Figure 8 b is the inferred network for cluster 7, and a total of 8 genes known as psychiatric disorder-related genes in related literatures are found as following: TEF [36], NR1D1 [37], KIF13A [38], ADCYAP1R1 [39], MDGA1 [40], GNAZ [41], CNR1 [42], and DCLK1 [43]. Additionally we defined 5 genes, ZBTB20, MAP7, ZBTB16, ANK2, and MRAP2, as susceptible genes, and surprisingly ZBTB20 [44], MAP7 [45], ZBTB16 [46], ANK2 [47] was also reported as schizophrenia disorder-associated genes in SNP and CNV-based studies. So we imply that it is worth to investigate the genes that have only an edge to reference gene as candidate genes associated with psychiatric disorder. In addition, reference genes in the network tend to interact with each other directly or indirectly though susceptible genes but they are not widely spread implying they may work together or may be co-regulated by another unknown biomarker.
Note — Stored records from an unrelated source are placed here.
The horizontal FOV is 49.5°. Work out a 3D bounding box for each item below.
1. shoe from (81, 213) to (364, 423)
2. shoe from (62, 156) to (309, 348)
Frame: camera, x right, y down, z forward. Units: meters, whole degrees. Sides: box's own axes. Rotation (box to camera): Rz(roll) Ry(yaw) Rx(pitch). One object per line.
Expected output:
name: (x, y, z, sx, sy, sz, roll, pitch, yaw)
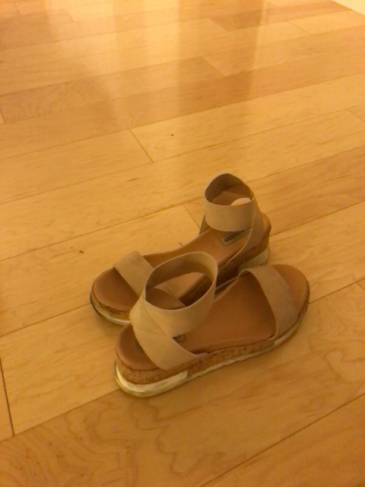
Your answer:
shoe: (0.044, 0.073, 0.427, 0.271, 0.109, 0.090, -18, 50, -18)
shoe: (0.009, 0.001, 0.494, 0.271, 0.109, 0.100, -23, 52, -22)
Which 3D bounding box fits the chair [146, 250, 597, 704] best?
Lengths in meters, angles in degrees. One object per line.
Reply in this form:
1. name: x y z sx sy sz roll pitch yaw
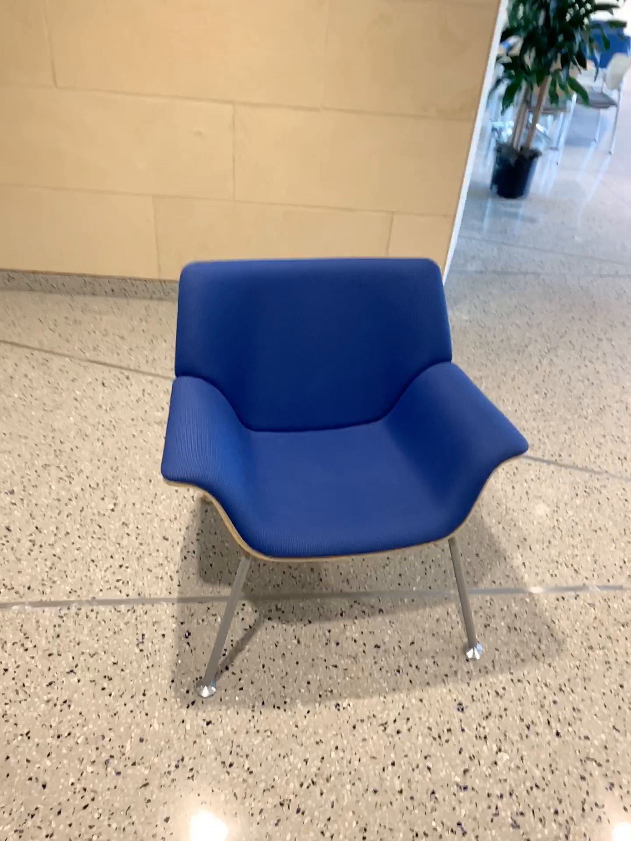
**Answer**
1. chair: 0.020 0.081 1.578 0.778 0.727 0.764 -3 37 -12

The network inference result for the combination of cluster 4 and 5 is shown in Fig. 8 c consisting of two components. There are 10 reference genes such as DLG4 [48]], MIF [49], SLC6A5 [50], GAD1 [51], GAD2 [52], GOT2 [53], RGS9 [54], HDAC9 [55], CDH7 [56], and BDNF [57], and 3 susceptible genes such as PRMT8, KIT, and ELAVL2. It is noted that ELAVL2 has connections to three reference nodes and was reported as schizophrenia-related gene in recent GWAS [58].

Discussion

The difference between ZS and z-score of [23] is in whether the absolute value of variation \({D^{i}_{j}}\) is taken before z-scoring or original value of \({D^{i}_{j}}\) is used. In our method, we simply calculate the z-score to measure how many deviations the observed variation is above or below while the absolute value of variation \(|{D^{i}_{j}}|\) is used for z-score. Since we want to know how much the variation of a gene is higher than another target gene after knockout of the source gene, the use of \({D^{i}_{j}}\) rather than \(|{D^{i}_{j}}|\) is more reasonable and it is not guaranteed to select high-variant genes if absolute value of \({D^{i}_{j}}\) is used. Since random featuring and random sampling are performed in iterations of lasso, the computational time is significantly increased especially in finding optimal parameters. In implementation, the step size, therefore, should be set to a reasonably small value, and parallel processing (i.e. parfor in matlab) can reduce the processing time in practice (In our case, eight local cores are used). As a future work, we can integrate TF information additionally in the inference so that we can get more reliable results, and then also apply our method to DREAM5 challenge data for comparison to TIGRESS that utilizes TF information.

Conclusion

We presented two integrative approaches for gene regulatory network inference combining two different algorithms. First, IMLARF that we proposed is based on the integration of MI and LARF, which is a novel regression-based random featuring, to overcome the limitation of random sampling and MI. Secondly, ISLARF is the combination of LARF and ZS that is based on the z-score of variation of expression after the candidate regulator is knocked out. Both integrative methods outperform the standalone methods and the selected state of the art techniques on DREAM3 challenge data. In application to inference of the gene regulation associated with psychiatric disorders, we applied IMLARF to gene expression data and inferred the interactions between genes reported known as psychiatric disorder-associated genes and susceptible genes defined by inferred networks.